Stored items:
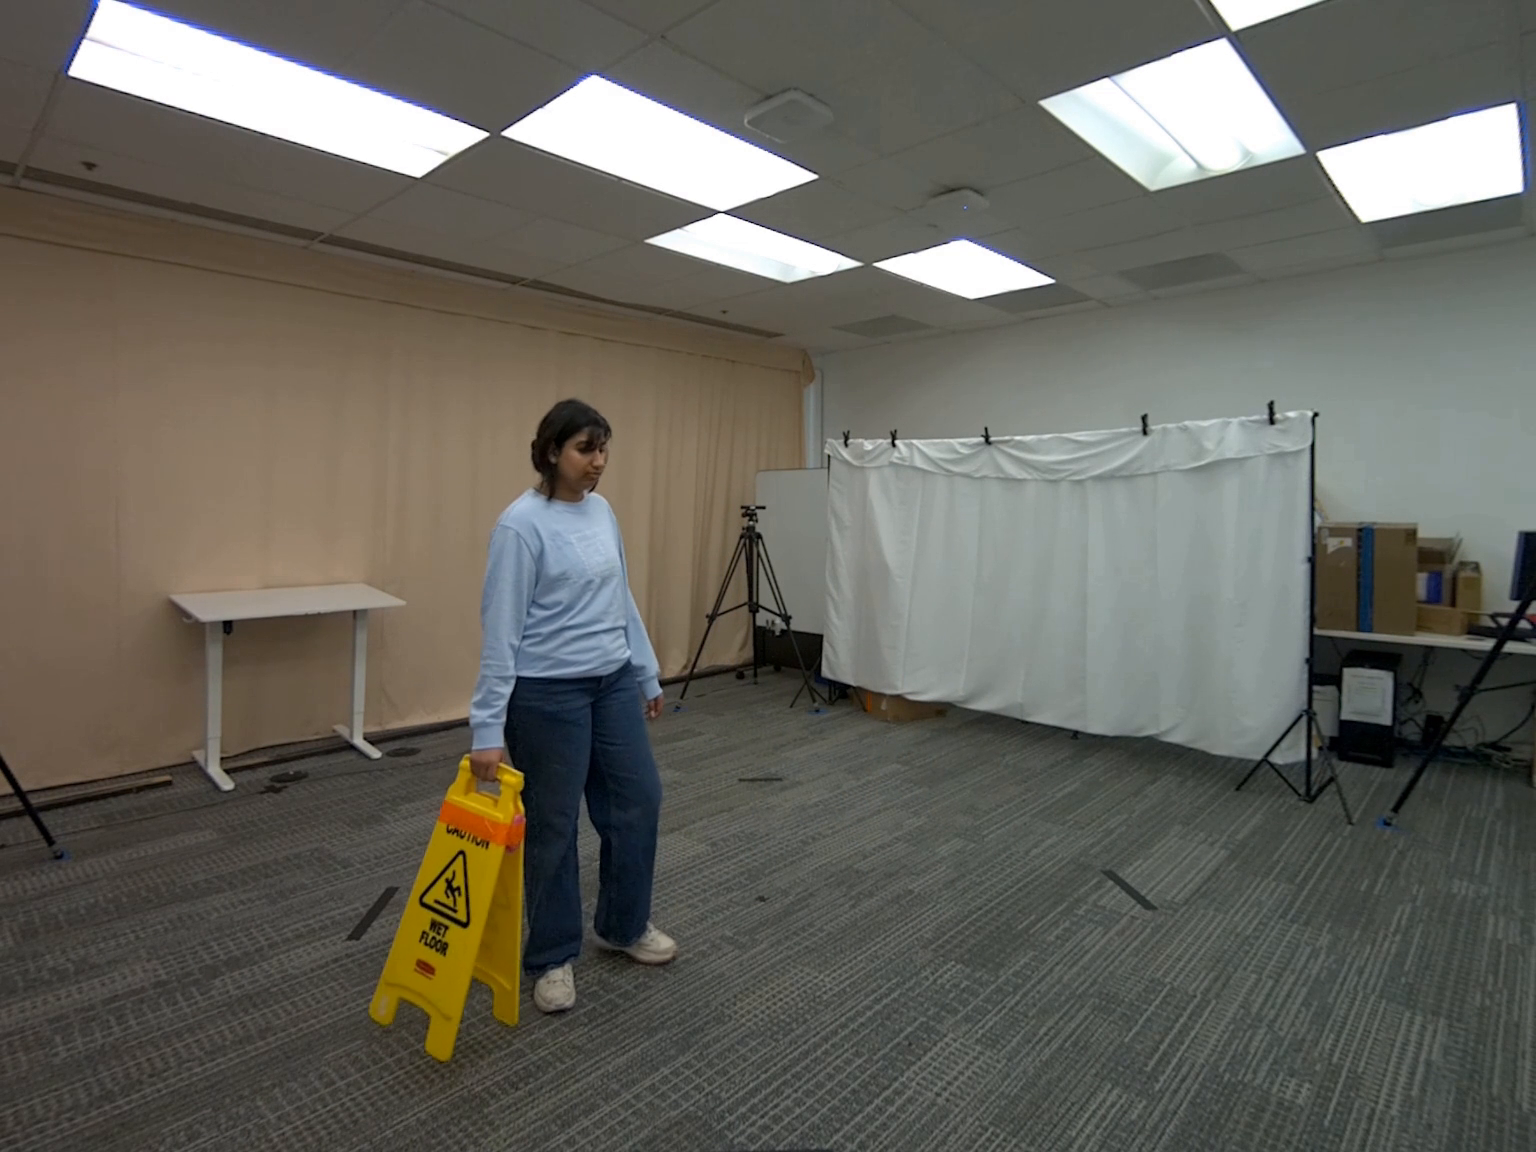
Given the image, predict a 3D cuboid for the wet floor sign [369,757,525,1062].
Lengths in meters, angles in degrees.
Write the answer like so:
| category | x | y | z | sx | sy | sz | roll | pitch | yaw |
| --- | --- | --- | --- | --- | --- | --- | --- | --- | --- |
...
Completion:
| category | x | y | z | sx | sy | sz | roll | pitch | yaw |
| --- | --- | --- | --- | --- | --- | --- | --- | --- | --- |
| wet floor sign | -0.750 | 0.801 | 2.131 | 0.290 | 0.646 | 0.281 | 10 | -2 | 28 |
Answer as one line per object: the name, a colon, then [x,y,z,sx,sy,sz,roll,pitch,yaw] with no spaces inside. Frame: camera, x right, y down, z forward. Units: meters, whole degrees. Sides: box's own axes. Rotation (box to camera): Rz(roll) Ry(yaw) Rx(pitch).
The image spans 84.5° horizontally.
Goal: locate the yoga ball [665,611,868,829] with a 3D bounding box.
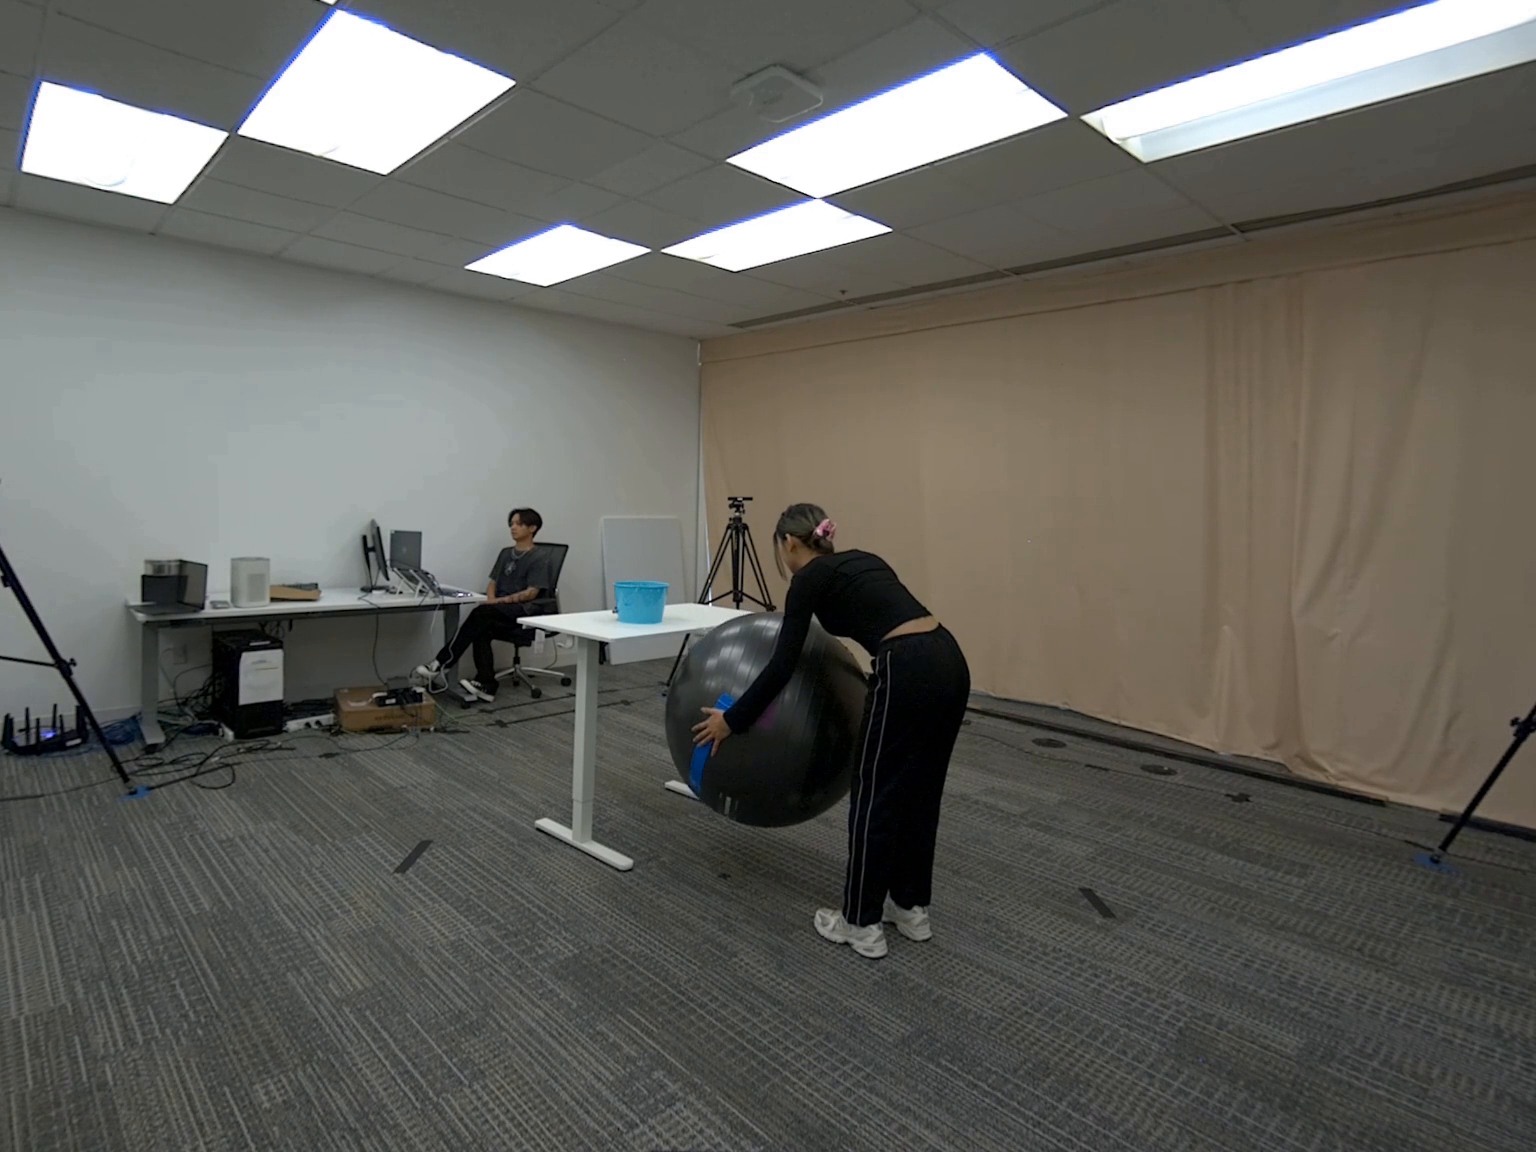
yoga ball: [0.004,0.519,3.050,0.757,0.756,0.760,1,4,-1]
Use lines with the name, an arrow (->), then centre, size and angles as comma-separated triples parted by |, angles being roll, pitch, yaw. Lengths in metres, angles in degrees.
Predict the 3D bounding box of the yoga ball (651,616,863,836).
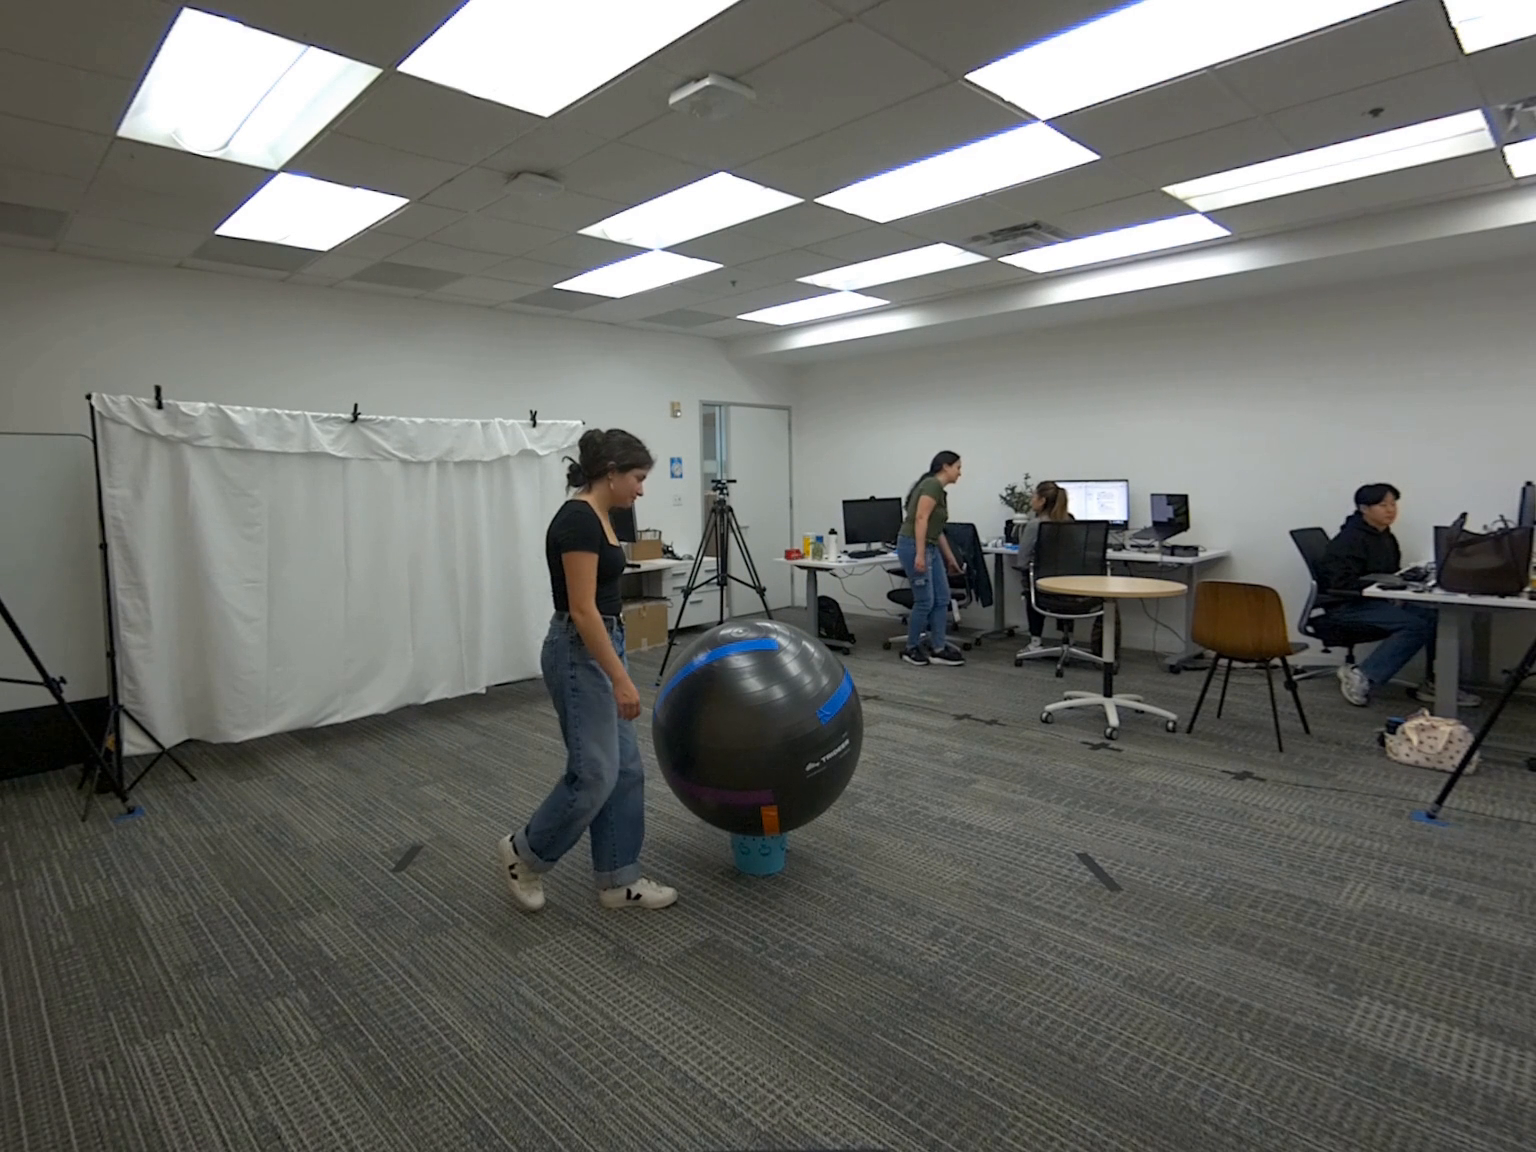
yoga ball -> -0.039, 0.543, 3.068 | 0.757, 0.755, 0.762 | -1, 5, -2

## DIRECTIONS FOR THIS TASK
The answer must consist of every line above that contains the word "Lengths".

## TASK RESULT
Lengths in meters, angles in degrees.
Use lines with the name, an arrow (->), then centre, size and angles as comma-separated triples parted by |, angles being roll, pitch, yaw. Lengths in metres, angles in degrees.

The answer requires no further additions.